Así que ya debéis de estar acostumbrados a que utilice palabras como humanizar, sonreír, empatizar, facilitar, diferenciarse; atributos en los que, en definitiva, los pequeños tienen una enorme ventaja respecto a los grandes, porque estos últimos suelen perderse justamente en el anonimato de sus dimensiones.
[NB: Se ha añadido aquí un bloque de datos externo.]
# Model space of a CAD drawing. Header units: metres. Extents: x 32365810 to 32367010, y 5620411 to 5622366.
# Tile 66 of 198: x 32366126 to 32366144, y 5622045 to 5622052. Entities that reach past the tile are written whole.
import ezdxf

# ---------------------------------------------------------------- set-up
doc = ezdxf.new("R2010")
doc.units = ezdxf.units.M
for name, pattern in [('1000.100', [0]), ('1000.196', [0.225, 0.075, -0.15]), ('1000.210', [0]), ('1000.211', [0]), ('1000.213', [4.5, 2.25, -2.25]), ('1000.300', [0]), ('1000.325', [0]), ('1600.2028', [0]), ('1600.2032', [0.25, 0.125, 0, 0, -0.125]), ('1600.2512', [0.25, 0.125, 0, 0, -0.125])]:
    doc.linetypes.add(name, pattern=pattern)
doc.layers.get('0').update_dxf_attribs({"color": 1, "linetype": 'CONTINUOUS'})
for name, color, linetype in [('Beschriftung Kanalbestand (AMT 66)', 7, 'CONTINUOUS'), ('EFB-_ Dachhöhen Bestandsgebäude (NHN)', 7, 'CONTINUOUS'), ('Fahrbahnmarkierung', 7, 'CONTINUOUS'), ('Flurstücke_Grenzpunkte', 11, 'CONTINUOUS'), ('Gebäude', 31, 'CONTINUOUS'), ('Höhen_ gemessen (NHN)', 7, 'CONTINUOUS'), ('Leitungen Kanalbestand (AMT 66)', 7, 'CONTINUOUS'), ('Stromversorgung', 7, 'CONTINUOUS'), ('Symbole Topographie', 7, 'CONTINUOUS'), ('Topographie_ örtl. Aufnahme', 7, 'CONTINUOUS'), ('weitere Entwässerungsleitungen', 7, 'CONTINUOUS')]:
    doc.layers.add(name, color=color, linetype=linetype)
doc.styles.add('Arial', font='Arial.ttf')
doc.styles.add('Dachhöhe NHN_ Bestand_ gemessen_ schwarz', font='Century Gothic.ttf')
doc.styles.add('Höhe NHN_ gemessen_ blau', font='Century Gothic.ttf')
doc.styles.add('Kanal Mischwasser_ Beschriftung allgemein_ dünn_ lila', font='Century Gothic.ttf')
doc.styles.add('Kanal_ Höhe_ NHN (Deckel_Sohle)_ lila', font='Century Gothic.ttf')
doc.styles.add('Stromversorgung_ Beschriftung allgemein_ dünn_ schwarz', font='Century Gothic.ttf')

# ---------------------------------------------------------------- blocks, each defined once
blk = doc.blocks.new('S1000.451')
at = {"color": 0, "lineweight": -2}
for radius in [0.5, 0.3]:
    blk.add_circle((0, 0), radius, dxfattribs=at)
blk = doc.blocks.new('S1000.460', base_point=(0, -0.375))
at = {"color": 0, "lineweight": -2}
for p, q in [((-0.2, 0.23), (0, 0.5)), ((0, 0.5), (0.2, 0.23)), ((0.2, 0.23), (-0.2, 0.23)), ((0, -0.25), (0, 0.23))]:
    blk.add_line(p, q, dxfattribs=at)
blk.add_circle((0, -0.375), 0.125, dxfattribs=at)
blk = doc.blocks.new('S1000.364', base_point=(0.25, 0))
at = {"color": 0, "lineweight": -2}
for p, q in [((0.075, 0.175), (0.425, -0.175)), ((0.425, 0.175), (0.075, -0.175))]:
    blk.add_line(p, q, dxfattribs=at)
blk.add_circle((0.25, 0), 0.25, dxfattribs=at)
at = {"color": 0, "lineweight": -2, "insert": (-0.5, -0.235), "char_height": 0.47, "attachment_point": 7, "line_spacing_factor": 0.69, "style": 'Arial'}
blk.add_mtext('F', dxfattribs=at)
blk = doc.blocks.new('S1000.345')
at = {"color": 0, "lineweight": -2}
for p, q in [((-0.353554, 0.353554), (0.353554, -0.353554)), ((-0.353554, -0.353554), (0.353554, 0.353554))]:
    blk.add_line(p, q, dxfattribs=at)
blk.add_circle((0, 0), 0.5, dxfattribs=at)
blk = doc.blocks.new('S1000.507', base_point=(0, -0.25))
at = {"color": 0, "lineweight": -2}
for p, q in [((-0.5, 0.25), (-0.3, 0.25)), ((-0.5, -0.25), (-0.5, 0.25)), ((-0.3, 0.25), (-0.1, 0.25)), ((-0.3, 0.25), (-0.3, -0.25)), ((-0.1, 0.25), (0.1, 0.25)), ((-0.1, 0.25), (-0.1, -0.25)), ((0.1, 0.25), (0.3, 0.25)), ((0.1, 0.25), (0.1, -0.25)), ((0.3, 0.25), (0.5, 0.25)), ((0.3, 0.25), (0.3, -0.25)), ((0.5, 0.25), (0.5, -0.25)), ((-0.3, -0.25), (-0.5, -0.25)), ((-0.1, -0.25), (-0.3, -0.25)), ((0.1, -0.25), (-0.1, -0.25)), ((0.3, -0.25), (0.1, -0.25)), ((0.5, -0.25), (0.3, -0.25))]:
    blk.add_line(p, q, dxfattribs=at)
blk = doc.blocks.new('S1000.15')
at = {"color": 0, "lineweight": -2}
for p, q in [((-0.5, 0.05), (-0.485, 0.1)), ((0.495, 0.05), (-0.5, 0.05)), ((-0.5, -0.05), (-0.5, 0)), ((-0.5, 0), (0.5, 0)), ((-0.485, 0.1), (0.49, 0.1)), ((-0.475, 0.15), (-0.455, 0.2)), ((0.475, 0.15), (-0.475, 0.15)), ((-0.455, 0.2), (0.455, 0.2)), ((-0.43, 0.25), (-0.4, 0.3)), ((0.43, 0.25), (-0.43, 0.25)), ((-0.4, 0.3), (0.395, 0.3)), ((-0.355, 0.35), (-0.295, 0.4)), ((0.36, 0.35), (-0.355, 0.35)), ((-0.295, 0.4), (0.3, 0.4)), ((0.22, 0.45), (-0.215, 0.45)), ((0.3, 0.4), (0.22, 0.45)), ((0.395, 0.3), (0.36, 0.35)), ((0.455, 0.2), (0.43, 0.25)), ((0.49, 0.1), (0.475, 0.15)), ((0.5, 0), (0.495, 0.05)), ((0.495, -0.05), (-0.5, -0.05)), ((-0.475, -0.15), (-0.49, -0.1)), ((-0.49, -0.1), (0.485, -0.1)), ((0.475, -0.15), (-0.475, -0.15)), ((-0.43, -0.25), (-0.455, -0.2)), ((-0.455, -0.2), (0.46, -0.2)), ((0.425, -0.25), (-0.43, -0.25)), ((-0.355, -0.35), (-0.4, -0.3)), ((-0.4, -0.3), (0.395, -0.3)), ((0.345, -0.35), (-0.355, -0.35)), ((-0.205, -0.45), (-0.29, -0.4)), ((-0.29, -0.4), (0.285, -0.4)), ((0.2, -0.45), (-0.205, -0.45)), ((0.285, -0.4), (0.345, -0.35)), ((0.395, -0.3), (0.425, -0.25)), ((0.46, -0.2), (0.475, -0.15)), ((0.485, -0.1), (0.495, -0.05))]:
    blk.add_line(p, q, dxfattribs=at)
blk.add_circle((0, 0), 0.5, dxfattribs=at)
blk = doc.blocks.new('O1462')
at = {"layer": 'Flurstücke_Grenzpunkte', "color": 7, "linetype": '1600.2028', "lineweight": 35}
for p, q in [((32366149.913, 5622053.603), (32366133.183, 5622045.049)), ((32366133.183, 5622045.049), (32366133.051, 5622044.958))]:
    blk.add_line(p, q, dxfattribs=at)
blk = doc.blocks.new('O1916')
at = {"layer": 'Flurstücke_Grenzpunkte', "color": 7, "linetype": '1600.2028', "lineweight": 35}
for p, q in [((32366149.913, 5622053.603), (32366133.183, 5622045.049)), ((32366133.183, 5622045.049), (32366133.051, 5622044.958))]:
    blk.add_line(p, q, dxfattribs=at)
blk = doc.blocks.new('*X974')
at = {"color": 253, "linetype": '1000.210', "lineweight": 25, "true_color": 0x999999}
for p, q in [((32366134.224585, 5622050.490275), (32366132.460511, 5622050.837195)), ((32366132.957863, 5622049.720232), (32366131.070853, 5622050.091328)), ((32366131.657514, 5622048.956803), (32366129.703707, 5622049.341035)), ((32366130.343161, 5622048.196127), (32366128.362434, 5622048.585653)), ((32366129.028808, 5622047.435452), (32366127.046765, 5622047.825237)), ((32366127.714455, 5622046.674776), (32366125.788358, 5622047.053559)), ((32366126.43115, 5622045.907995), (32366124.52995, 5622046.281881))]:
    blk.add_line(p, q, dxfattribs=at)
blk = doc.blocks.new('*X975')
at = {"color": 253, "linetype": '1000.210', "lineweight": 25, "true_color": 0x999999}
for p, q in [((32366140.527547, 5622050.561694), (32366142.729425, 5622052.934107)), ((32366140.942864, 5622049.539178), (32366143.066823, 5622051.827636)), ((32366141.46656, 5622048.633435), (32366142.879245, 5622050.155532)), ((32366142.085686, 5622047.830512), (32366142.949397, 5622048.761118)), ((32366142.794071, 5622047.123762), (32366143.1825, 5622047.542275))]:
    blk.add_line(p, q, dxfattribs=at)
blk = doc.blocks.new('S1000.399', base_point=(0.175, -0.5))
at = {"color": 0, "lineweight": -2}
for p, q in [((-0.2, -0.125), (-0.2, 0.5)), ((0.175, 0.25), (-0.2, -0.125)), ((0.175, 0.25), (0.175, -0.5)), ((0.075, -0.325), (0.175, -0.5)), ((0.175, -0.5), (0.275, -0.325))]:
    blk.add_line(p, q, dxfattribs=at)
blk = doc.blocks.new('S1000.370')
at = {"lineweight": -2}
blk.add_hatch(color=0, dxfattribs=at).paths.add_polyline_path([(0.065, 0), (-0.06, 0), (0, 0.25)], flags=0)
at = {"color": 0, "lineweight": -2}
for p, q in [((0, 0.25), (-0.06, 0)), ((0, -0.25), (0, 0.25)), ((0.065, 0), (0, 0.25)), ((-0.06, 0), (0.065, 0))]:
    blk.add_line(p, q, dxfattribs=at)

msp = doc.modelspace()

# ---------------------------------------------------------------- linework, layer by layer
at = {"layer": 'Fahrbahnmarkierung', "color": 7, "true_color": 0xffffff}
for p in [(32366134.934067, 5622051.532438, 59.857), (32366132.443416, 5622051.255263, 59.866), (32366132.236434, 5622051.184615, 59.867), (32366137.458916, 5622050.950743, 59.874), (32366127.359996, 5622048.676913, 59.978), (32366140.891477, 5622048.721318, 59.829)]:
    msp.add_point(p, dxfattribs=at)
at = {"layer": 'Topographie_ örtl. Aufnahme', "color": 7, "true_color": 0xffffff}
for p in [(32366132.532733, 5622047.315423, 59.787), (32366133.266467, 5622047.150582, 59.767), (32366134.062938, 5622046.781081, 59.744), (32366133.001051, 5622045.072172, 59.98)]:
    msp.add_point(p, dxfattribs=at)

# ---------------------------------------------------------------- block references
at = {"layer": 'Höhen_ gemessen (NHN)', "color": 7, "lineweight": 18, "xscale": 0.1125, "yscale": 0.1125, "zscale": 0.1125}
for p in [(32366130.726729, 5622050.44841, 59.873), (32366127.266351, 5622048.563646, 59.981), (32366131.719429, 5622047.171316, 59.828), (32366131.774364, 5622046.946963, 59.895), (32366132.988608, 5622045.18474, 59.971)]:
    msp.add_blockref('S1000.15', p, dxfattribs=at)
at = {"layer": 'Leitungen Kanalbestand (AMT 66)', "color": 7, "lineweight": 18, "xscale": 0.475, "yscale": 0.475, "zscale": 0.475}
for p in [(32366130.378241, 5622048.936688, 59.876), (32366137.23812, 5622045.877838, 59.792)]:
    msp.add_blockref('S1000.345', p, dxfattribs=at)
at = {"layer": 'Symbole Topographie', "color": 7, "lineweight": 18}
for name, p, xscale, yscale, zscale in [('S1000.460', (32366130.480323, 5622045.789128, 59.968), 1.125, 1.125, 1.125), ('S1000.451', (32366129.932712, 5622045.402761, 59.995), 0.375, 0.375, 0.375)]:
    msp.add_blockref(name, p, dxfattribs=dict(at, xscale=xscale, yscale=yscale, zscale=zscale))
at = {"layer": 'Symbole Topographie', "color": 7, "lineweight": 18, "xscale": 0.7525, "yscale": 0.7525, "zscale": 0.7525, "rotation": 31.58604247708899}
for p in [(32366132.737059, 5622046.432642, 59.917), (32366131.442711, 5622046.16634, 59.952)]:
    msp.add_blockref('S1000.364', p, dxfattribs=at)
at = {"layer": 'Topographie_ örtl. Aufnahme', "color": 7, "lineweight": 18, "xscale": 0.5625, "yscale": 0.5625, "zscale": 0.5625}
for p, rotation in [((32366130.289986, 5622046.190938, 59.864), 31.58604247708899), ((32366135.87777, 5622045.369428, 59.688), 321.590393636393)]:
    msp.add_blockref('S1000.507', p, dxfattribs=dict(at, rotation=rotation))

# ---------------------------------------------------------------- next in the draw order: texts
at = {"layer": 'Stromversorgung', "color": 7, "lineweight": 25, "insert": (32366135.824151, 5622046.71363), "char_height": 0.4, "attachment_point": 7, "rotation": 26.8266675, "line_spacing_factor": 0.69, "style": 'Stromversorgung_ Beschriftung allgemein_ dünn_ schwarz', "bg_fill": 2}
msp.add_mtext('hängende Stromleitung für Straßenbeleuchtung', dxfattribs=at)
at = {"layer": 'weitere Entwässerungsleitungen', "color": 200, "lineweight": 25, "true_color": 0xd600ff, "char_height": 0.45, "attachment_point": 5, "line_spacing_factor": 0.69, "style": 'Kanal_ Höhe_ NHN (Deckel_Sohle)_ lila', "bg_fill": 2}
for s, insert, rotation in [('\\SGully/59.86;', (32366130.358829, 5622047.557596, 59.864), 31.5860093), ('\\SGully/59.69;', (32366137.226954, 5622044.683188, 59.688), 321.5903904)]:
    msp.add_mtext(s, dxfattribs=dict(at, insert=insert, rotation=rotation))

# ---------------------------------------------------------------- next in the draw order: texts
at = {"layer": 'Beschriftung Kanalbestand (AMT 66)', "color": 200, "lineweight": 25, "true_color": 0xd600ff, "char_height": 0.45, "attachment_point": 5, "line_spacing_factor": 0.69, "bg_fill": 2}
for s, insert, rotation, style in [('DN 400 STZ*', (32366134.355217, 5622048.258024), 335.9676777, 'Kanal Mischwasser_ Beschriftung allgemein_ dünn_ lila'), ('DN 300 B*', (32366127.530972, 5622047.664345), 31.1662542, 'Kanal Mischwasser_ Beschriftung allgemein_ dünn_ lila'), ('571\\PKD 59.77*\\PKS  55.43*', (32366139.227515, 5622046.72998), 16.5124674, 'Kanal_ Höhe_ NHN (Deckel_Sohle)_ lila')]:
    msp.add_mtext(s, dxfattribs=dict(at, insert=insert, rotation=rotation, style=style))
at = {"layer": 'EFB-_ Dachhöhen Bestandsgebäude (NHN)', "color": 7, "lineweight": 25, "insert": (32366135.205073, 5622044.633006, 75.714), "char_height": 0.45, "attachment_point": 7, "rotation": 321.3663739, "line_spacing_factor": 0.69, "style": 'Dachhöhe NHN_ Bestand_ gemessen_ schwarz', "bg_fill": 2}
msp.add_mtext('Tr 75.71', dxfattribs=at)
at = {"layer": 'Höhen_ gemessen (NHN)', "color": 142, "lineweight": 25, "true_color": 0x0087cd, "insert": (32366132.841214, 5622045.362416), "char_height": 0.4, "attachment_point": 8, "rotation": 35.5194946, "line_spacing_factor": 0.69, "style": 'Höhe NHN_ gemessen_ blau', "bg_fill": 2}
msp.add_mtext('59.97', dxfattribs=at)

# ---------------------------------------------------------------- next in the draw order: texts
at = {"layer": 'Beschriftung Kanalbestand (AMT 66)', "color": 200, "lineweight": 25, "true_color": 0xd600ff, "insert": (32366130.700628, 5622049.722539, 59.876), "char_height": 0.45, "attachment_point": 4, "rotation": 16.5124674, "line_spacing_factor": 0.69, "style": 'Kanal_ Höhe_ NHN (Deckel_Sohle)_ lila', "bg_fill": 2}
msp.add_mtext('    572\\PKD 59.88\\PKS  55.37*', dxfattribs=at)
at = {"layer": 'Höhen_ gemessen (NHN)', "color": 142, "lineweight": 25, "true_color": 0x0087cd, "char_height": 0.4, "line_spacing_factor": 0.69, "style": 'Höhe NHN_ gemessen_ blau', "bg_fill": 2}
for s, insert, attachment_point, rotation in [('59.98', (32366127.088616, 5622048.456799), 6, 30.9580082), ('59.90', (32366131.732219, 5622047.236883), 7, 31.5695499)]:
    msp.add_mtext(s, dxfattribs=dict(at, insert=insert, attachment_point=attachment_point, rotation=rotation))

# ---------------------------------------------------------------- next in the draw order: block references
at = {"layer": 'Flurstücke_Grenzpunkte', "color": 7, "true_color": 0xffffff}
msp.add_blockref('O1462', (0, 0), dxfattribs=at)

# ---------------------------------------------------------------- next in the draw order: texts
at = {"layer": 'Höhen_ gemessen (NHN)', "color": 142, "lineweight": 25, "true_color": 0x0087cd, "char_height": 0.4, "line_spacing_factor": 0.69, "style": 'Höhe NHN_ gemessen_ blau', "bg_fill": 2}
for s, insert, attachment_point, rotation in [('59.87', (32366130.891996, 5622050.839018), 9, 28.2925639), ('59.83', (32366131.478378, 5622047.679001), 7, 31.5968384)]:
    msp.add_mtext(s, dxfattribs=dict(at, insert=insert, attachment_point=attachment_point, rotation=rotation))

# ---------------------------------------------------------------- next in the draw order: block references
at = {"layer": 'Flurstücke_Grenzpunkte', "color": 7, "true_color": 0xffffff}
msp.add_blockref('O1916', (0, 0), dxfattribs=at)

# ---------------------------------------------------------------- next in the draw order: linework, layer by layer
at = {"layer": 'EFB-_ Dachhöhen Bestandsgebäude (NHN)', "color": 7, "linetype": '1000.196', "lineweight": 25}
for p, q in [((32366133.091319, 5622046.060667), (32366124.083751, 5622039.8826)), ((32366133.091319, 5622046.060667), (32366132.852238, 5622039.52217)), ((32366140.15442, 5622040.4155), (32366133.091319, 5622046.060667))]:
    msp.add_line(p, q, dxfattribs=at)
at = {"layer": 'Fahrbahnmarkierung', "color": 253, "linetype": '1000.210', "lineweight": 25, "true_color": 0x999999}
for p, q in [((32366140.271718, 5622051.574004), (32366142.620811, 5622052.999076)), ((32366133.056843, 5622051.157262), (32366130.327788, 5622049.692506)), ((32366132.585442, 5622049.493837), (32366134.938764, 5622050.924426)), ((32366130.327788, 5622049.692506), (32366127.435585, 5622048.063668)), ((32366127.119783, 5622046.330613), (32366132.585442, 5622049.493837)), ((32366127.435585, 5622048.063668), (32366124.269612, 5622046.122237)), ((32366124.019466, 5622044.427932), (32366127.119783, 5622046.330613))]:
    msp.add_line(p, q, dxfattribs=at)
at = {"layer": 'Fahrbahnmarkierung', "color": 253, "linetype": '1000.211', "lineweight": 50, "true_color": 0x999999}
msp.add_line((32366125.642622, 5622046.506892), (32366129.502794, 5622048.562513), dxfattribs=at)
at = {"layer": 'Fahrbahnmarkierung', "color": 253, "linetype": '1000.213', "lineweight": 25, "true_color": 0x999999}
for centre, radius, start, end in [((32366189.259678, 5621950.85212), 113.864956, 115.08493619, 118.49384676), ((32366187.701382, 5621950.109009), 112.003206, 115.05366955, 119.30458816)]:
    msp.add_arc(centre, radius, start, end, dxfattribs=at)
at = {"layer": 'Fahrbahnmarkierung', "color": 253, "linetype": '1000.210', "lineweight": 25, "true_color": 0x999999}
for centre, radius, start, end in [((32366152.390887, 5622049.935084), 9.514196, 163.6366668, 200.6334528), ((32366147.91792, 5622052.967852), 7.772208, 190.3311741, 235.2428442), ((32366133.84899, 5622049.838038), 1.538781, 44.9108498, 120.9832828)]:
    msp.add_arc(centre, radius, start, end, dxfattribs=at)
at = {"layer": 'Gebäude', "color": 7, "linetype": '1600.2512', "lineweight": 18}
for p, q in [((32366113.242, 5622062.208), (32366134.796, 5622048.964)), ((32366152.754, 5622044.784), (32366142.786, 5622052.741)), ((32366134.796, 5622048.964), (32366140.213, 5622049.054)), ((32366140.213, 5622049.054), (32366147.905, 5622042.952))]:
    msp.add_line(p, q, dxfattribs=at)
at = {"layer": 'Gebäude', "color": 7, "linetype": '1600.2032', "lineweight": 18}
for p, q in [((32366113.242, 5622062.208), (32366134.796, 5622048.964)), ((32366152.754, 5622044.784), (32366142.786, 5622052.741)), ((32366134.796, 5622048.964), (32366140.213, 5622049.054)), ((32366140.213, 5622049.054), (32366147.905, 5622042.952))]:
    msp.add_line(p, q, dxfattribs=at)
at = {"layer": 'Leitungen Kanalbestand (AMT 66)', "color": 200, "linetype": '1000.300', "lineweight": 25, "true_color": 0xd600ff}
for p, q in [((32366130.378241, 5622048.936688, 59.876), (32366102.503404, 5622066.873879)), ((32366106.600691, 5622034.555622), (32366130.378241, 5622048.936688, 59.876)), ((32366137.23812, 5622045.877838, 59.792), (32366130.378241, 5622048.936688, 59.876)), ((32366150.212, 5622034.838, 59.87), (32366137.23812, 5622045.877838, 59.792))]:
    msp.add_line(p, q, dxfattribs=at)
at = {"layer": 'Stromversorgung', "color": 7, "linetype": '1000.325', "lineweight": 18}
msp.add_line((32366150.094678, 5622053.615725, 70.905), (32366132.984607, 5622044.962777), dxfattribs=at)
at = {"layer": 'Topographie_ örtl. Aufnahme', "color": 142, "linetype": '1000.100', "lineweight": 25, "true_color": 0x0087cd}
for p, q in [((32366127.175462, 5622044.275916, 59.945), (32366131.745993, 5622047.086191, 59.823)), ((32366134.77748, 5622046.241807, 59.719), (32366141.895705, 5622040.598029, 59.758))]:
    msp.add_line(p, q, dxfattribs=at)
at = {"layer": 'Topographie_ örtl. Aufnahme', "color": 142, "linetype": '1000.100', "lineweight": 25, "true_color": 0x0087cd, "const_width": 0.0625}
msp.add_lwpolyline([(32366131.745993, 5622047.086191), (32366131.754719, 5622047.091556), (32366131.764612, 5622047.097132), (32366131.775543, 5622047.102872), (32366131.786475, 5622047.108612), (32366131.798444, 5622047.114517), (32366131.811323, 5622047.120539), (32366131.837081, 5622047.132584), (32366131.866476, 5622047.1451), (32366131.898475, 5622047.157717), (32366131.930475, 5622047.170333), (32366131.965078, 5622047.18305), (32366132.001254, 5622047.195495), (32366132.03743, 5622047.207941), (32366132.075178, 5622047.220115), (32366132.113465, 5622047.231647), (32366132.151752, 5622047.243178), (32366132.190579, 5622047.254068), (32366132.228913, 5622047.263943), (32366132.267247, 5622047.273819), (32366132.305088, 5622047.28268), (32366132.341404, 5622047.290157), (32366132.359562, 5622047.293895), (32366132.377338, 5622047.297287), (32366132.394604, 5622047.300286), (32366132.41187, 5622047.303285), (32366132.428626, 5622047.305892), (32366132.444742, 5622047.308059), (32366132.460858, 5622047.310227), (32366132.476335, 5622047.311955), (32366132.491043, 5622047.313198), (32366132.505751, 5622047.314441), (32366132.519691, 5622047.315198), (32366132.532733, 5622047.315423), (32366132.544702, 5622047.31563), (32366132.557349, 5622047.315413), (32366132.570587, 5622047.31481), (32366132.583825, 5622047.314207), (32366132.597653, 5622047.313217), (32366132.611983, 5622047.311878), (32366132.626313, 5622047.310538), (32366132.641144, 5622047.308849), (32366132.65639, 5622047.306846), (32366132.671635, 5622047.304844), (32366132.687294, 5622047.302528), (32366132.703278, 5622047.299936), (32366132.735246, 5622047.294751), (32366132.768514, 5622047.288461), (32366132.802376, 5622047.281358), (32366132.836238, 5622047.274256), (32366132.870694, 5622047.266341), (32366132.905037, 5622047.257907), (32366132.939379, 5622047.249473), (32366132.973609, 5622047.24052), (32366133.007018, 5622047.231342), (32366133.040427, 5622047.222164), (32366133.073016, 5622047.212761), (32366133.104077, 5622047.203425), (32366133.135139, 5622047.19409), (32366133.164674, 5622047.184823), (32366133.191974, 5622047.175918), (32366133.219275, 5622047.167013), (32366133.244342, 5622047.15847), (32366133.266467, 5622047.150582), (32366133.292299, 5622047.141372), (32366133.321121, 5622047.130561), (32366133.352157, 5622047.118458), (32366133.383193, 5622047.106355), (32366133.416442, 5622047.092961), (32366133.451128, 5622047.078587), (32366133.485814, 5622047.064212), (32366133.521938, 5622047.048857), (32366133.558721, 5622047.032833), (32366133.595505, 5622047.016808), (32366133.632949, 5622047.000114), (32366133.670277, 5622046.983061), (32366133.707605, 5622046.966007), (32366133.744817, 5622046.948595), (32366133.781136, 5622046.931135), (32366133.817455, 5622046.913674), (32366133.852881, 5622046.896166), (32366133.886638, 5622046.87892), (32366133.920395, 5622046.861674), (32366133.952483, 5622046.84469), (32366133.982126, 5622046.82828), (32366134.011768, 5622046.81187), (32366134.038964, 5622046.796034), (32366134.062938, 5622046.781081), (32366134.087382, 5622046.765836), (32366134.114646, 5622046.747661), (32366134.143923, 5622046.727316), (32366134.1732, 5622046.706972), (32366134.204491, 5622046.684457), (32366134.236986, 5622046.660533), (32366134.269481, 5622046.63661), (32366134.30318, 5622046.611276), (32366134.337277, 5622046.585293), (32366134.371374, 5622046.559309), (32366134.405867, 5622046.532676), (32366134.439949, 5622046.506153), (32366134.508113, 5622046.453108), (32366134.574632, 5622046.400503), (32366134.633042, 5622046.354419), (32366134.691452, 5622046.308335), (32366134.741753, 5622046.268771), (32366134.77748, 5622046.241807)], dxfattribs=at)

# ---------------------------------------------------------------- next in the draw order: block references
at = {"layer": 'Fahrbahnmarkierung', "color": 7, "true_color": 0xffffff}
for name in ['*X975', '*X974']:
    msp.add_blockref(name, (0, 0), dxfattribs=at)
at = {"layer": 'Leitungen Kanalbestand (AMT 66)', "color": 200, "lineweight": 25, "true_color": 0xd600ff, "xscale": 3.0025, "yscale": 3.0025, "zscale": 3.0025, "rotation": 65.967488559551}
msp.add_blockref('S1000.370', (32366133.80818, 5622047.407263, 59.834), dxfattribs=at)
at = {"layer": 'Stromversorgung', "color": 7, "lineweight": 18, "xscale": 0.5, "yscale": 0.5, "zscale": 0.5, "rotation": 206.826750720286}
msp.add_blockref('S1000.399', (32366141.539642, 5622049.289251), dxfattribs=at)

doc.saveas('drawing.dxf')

Habitualmente vivo y os cuento experiencias positivas, pero de las negativas también se pueden sacar conclusiones. Veréis: le tenía echado el ojo a una tienda pequeñita de alimentación del barrio (enseguida entenderéis por qué hablo en pasado) que vendía productos delicatesen. Su precio no era prohibitivo, pero el negocio se situaba en una franja más premium. El caso es que me había prometido entrar en varias ocasiones, y cuál fue mi sorpresa cuando hace unos días vi un cartel de liquidación por cese del negocio. En esta ocasión acudí in extremis y, por qué no decirlo, a la llamada de los precios.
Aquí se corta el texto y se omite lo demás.